═══ Task input ═══

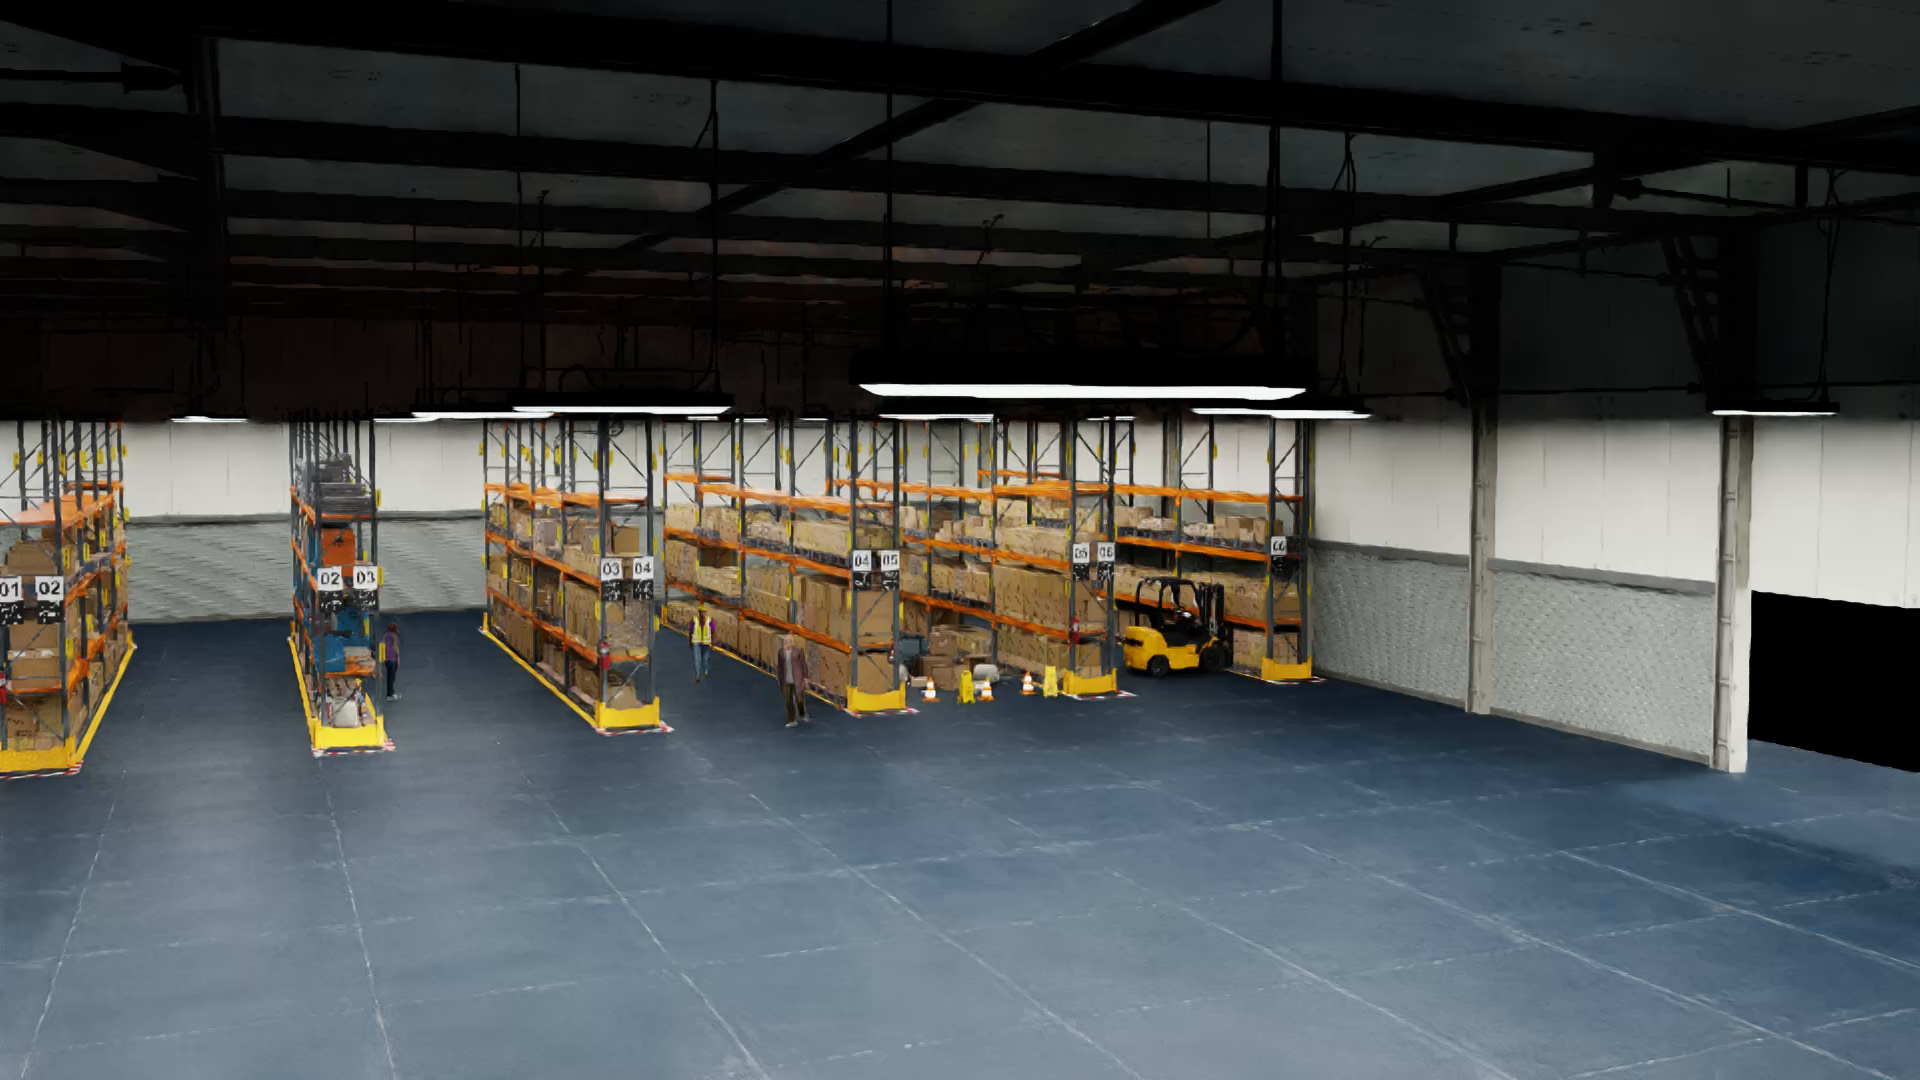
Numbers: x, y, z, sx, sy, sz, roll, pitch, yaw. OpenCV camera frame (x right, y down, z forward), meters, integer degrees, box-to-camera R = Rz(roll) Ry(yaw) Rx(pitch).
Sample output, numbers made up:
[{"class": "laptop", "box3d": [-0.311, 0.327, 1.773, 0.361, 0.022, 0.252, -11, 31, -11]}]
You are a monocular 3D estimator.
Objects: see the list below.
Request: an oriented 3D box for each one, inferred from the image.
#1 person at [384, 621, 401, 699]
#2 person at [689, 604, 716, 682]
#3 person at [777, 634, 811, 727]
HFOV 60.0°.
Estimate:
[{"class": "person", "box3d": [-11.774, 2.508, 34.556, 0.506, 1.565, 0.420, 4, 5, 42]}, {"class": "person", "box3d": [-5.718, 2.272, 36.954, 0.569, 1.708, 1.042, -1, 4, -15]}, {"class": "person", "box3d": [-3.145, 2.636, 31.490, 0.626, 1.773, 0.582, 1, 4, 13]}]

═══

Output every record above verbatim, excluding images.

• **Solution below**
Numbers: x, y, z, sx, sy, sz, roll, pitch, yaw. OpenCV camera frame (x right, y down, z forward), meters, integer degrees, box-to-camera R = Rz(roll) Ry(yaw) Rx(pitch).
Sample output, numbers made up:
[{"class": "laptop", "box3d": [-0.311, 0.327, 1.773, 0.361, 0.022, 0.252, -11, 31, -11]}]
You are a monocular 3D estimator.
Objects: see the list below.
Request: an oriented 3D box for each one, inferred from the image.
#1 person at [384, 621, 401, 699]
#2 person at [689, 604, 716, 682]
#3 person at [777, 634, 811, 727]
HFOV 60.0°.
Estimate:
[{"class": "person", "box3d": [-11.774, 2.508, 34.556, 0.506, 1.565, 0.420, 4, 5, 42]}, {"class": "person", "box3d": [-5.718, 2.272, 36.954, 0.569, 1.708, 1.042, -1, 4, -15]}, {"class": "person", "box3d": [-3.145, 2.636, 31.490, 0.626, 1.773, 0.582, 1, 4, 13]}]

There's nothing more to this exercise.